What do surfers and electrons have in common? Surprisingly, a lot. Electrons are waves in that they demonstrate similar behavior, particularly when it comes to antibonding orbitals. As such, understanding how waves behave and function can help us better interpret electron behavior and bonding and antibonding at the orbital level.
The wave nature of electrons is an incredible thing.
Accepting that electrons have wave properties allows us to calculate and determine the space surrounding the nucleus where electrons can be found called orbitals. The existence of orbitals is quite important for you and me and the world as we know it. If atoms did not have orbitals to hold the electrons, the electrons would collide into the nucleus, and Boom! A massive amount of energy would be released, and that would be the end of everything. So, we should be very grateful that orbitals do exist, and we have them, all thanks to the wave nature of electrons.
We already talked about in a previous video that when two atoms come together to form a covalent bond, atomic orbitals come together to form molecular orbitals, one that is the bonding molecular orbital and the other that is the anti-bonding molecular orbital.

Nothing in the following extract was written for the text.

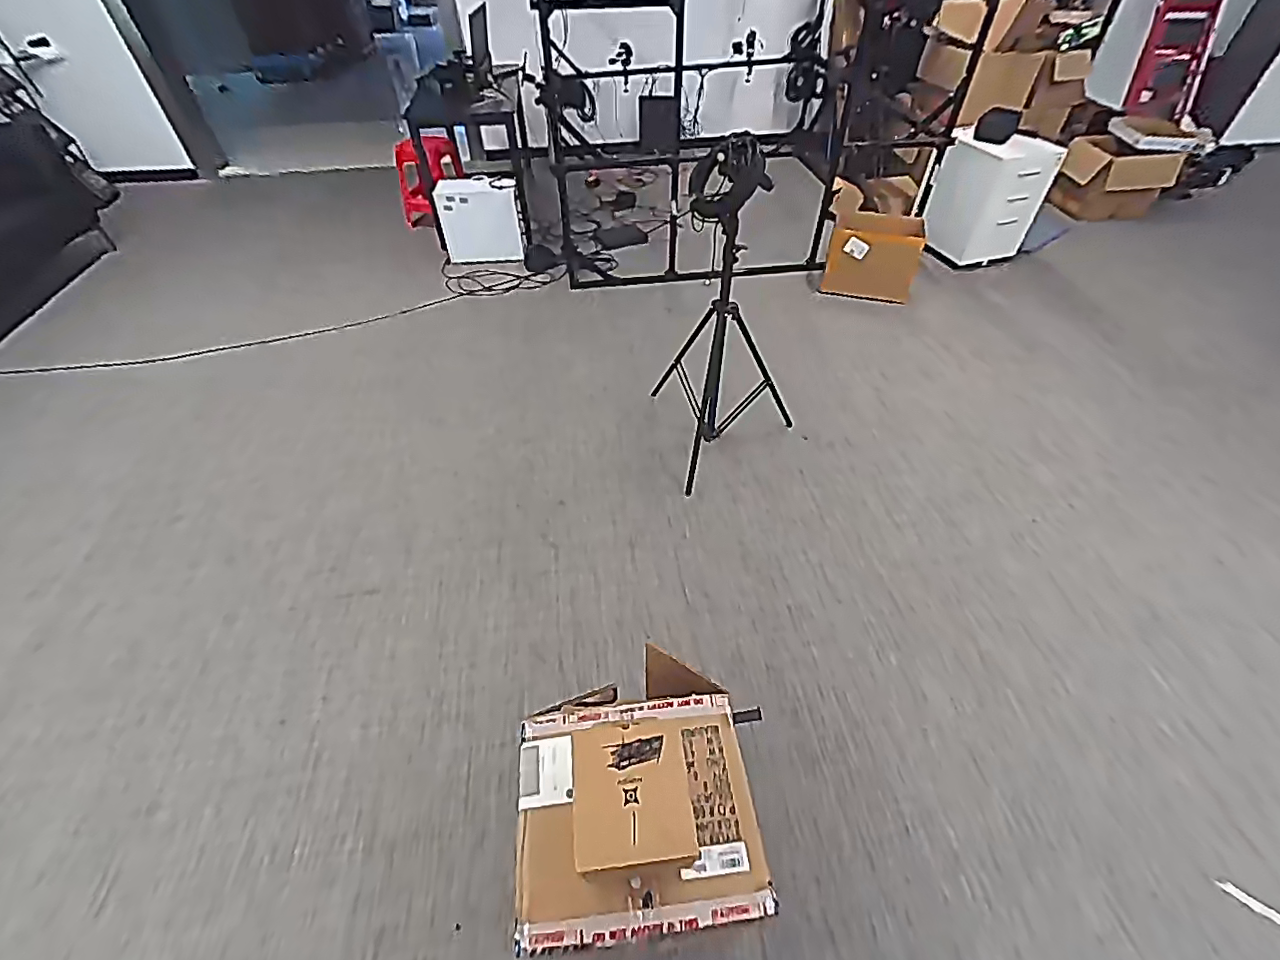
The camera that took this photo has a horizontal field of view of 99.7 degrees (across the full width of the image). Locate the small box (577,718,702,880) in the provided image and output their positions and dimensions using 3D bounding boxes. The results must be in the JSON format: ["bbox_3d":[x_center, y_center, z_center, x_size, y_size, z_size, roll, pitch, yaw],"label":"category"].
[{"bbox_3d":[-0.007,0.486,0.821,0.168,0.176,0.179,-5,50,-3],"label":"small box"}]

BONDING molecular orbital probably sounds obvious to you because you know that when atoms come together and share their electrons with one another, they form a BOND. On the other hand, the ANTI-bonding molecular orbital seems like it is just there for the ride without a real purpose. So, is the anti-bonding molecular orbital ever relevant for a molecule? Does it ever get used?
To answer this question, we have to look beyond a single molecule, and talk about chemical reactions. The exciting stuff - where molecules interact with OTHER molecules.
Just like atomic orbitals overlap to create molecular orbitals to create bonds within a molecule, in order for a molecule to create a new bond with ANOTHER molecule, their molecular orbitals have to overlap to create a new bonding molecular orbital.
In a standard substitution reaction that we cover in organic chemistry that we call the SN2 reaction, one molecule, the nucleophile, will donate its electrons to another molecule, the electrophile, that will accept those electrons. This process of donating and accepting electrons is what generates a new bond between the two molecules.
Now, let’s take a moment to think about this process in the context of molecular orbitals. The molecular orbital of the molecule that is doing the donating is OCCUPIED with electrons. While the molecule that is accepting the electrons needs an empty place, an UNoccupied molecular orbital, to put those electrons in. The overlap between the occupied and the UNoccupied molecular orbitals is what generates a new bonding molecular orbital between the two molecules. And it turns out, the UNoccupied molecular orbital in this case is the ANTI-bonding molecular orbital.
Yes, that’s right, the ANTI-bonding molecular orbital that seemed uninvolved and not so interesting earlier. It does serve a purpose; we simply had to examine its role beyond just discussing it in a static diagram and look at its use in a greater context of chemical reactions.